Let's say you do something like this:
void *pointers[10000];
for(i = 0; i < 10000; i++)
pointers[i] = malloc(1024);
for(i = 0; i < 9999; i++)
free(pointers[i]);
The only part of the heap that can be safely returned to the system is the "wilderness chunk", which is at the end of the heap. This can be returned to the system using another sbrk system call, and the glibc memory allocator will do that when the size of this last chunk exceeds some threshold.

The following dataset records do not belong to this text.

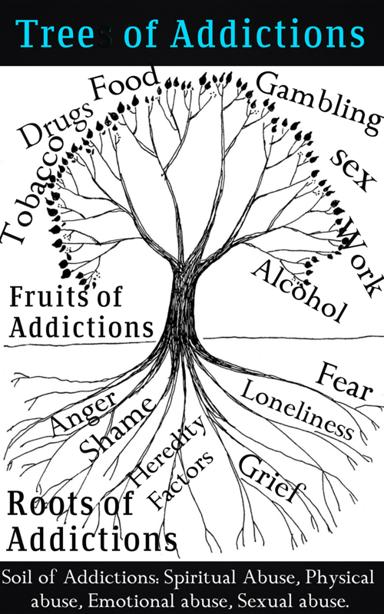What are the different parts of the Tree of Addictions mentioned in the image? The image illustrates the Tree of Addictions, which artistically segments the facets of addiction into several parts. Firstly, the branches of the tree list the various Addictions, including Drugs, Food, Gambling, Sex, Work, and Alcohol. Secondly, the Fruits of Addictions hang from the branches, representing the emotional repercussions such as Fear, Anger, Shame, Loneliness, and Grief. The Roots of Addictions delve into underlying factors, highlighting Hereditary Factors. Finally, the Soil of Addictions underscores the foundational contributors, including forms of abuse like Spiritual, Physical, Emotional, and Sexual abuse. This holistic representation aids in understanding how each element interacts and impacts the other, creating a full picture of the cycle and impact of addiction. 
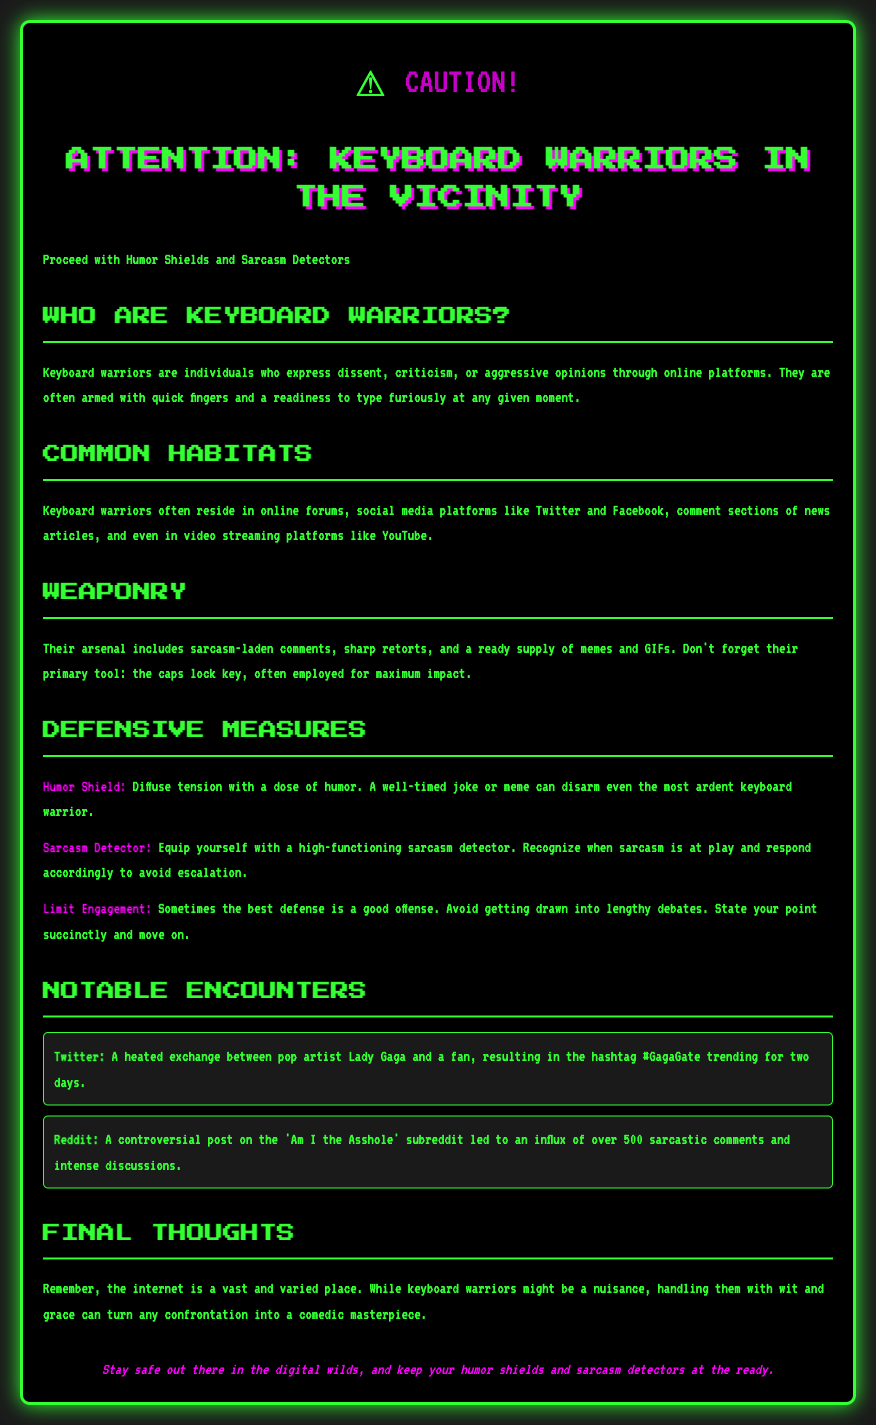What is the warning label title? The warning label title is prominently displayed at the top of the document as "Attention: Keyboard Warriors in the Vicinity."
Answer: Attention: Keyboard Warriors in the Vicinity What should you proceed with? The document advises proceeding with "Humor Shields and Sarcasm Detectors."
Answer: Humor Shields and Sarcasm Detectors What online platforms are mentioned as common habitats for keyboard warriors? The document lists "Twitter, Facebook, and YouTube" as common platforms where keyboard warriors can be found.
Answer: Twitter, Facebook, YouTube What is one component of the keyboard warriors' weaponry? The document states that one component of their weaponry is the "caps lock key."
Answer: caps lock key How many notable encounters are included in the document? The document mentions "two" notable encounters in the section titled "Notable Encounters."
Answer: two What is a tip provided for engaging with keyboard warriors? The document suggests using a "Humor Shield" as a tip for handling keyboard warriors.
Answer: Humor Shield What was the hashtag that trended on Twitter following a notable keyboard warrior incident? The document references the trending hashtag "#GagaGate" related to Lady Gaga's interaction with a fan.
Answer: #GagaGate What subreddit is mentioned in relation to a controversial post? The document indicates that the "Am I the Asshole" subreddit is associated with a notable encounter.
Answer: Am I the Asshole What is the color of the text in the document? The document states that the text color is "#33ff33," which is a bright green.
Answer: #33ff33 
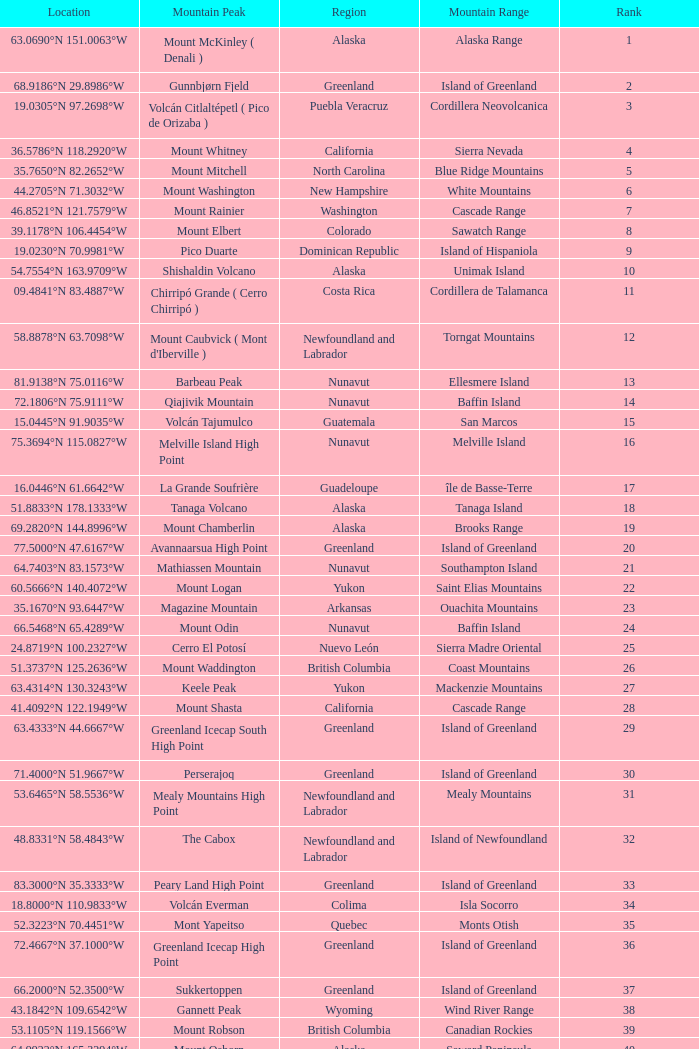Which Mountain Peak has a Region of baja california, and a Location of 28.1301°n 115.2206°w? Isla Cedros High Point.

The above program would make 10000 small allocations, but only free the first 9999 of them. The last one should (assuming nothing else has called malloc, which is unlikely) be sitting right at the end of the heap. This would prevent the allocator from returning any memory to the system at all.
If you were to free the remaining allocation, glibc's malloc implementation should be able to return most of the pages allocated back to the system.
If you're allocating and freeing small chunks of memory, a few of which are long-lived, you could end up in a situation where you have a large chunk of memory allocated from the system, but you're only using a tiny fraction of it.
Here are some "advantages" to never releasing memory back to the system:
Having already used a lot of memory makes it very likely you will do so again, and
when you release memory the OS has to do quite a bit of paperwork
when you need it again, your memory allocator has to re-initialise all its data structures in the region it just received
Freed memory that isn't needed gets paged out to disk where it doesn't actually make that much difference
Often, even if you free 90% of your memory, fragmentation means that very few pages can actually be released, so the effort required to look for empty pages isn't terribly well spent
Many memory managers can perform TRIM operations where they return entirely unused blocks of memory to the OS. However, as several posts here have mentioned, it's entirely implementation dependent.
But lets say I never ask for allocation of size greater than say 50 bytes and I ask a lot of such 50 byte objects on peak load on the system. Then what ?
This depends on your allocation pattern. Do you free ALL of the small allocations? If so and if the memory manager has handling for a small block allocations, then this may be possible. However, if you allocate many small items and then only free all but a few scattered items, you may fragment memory and make it impossible to TRIM blocks since each block will have only a few straggling allocations. In this case, you may want to use a different allocation scheme for the temporary allocations and the persistant ones so you can return the temporary allocations back to the OS.